Saved entries:
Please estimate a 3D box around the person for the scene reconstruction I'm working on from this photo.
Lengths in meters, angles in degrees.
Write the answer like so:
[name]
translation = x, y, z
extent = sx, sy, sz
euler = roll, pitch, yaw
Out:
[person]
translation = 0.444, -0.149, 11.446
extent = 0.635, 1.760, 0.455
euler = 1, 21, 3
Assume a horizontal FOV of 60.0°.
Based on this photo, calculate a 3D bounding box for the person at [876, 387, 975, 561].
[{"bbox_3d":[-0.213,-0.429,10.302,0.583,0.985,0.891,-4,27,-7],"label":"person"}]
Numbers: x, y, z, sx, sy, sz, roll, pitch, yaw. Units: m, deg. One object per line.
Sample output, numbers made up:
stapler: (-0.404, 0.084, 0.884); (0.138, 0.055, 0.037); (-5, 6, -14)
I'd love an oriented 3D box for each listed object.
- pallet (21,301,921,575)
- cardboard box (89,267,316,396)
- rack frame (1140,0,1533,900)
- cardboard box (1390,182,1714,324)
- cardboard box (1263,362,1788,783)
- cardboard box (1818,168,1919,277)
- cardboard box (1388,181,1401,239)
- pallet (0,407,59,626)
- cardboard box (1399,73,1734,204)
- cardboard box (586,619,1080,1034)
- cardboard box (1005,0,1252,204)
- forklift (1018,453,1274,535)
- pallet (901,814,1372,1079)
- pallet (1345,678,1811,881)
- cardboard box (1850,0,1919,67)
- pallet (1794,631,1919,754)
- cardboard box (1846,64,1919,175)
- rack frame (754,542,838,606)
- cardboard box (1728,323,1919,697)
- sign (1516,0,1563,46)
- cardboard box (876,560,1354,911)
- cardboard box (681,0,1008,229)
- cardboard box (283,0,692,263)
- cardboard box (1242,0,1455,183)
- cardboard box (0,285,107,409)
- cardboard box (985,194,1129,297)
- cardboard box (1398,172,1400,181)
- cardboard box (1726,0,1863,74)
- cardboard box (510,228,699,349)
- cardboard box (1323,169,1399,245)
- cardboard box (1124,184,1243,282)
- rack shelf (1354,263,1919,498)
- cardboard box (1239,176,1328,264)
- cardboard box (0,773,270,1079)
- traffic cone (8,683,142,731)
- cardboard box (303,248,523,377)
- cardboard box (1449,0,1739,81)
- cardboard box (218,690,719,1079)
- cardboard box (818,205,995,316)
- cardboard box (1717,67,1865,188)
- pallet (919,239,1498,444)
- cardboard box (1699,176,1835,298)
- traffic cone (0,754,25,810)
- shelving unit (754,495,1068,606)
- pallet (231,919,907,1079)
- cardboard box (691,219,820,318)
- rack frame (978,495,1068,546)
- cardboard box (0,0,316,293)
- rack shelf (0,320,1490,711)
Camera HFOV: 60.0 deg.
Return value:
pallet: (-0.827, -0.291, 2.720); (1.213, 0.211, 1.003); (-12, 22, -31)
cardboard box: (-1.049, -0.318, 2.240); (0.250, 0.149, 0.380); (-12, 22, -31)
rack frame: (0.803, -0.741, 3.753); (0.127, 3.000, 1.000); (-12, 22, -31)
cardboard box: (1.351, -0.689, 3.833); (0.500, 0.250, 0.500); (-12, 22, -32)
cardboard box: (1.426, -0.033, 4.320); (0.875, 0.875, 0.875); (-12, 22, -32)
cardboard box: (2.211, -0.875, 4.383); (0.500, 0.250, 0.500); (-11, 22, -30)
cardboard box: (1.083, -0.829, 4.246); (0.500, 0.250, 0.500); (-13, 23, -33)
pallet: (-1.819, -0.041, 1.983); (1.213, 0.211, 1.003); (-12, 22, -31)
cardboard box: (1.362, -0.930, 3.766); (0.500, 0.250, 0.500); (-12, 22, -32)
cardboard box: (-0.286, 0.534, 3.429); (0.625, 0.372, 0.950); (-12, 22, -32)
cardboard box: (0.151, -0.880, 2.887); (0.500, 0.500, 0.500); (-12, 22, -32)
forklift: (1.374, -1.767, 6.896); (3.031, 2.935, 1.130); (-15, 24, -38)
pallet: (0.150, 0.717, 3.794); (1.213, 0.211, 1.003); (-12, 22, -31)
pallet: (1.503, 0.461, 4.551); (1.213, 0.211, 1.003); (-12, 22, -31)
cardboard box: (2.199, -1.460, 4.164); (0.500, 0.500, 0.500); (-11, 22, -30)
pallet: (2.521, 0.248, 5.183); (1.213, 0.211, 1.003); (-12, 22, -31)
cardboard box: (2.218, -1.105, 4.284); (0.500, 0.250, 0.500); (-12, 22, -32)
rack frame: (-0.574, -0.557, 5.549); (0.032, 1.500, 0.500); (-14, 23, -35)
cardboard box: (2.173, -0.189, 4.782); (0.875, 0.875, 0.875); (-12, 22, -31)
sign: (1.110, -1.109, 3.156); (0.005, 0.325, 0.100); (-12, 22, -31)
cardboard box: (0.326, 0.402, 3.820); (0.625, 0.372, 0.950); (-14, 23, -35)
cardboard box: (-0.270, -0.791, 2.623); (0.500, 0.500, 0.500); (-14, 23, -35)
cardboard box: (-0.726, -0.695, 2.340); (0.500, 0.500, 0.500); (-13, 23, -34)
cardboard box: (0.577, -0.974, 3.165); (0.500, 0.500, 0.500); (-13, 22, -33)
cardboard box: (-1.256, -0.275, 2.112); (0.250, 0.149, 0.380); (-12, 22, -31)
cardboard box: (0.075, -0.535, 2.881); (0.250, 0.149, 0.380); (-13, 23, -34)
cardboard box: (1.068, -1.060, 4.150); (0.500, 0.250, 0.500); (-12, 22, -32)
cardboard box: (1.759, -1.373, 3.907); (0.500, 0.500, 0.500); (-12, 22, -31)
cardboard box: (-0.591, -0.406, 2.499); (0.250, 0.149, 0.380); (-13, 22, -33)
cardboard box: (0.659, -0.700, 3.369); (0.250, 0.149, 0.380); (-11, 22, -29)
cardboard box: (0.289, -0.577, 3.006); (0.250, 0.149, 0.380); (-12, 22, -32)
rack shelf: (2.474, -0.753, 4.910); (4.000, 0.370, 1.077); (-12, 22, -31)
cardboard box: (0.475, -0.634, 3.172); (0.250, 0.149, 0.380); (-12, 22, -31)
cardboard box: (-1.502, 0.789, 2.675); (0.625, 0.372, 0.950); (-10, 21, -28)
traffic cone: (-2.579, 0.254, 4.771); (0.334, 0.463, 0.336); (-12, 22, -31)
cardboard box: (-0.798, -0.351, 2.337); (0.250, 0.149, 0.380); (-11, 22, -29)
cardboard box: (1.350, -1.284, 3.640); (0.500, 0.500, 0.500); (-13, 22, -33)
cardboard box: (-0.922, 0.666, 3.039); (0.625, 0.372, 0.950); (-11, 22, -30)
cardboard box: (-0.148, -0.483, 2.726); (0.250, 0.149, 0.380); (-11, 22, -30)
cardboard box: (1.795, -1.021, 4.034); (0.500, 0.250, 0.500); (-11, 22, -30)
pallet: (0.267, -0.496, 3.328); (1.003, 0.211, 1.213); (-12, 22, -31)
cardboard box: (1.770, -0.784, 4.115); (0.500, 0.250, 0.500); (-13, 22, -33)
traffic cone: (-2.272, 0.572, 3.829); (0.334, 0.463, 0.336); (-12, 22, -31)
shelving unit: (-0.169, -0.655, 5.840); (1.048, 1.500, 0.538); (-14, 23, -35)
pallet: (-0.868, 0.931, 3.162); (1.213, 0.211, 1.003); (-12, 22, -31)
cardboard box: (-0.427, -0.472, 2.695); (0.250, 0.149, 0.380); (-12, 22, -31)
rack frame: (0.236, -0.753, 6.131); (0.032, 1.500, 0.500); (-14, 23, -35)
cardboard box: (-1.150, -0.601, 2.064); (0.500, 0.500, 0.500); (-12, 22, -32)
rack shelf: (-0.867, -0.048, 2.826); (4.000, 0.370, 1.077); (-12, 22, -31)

TASK DIRECTIONS |
Wherever a line above contains "object", copy that line.

SOLUTION TO THIS PROBLEM |
Numbers: x, y, z, sx, sy, sz, roll, pitch, yaw. Units: m, deg. One object per line.
I'd love an oriented 3D box for each listed object.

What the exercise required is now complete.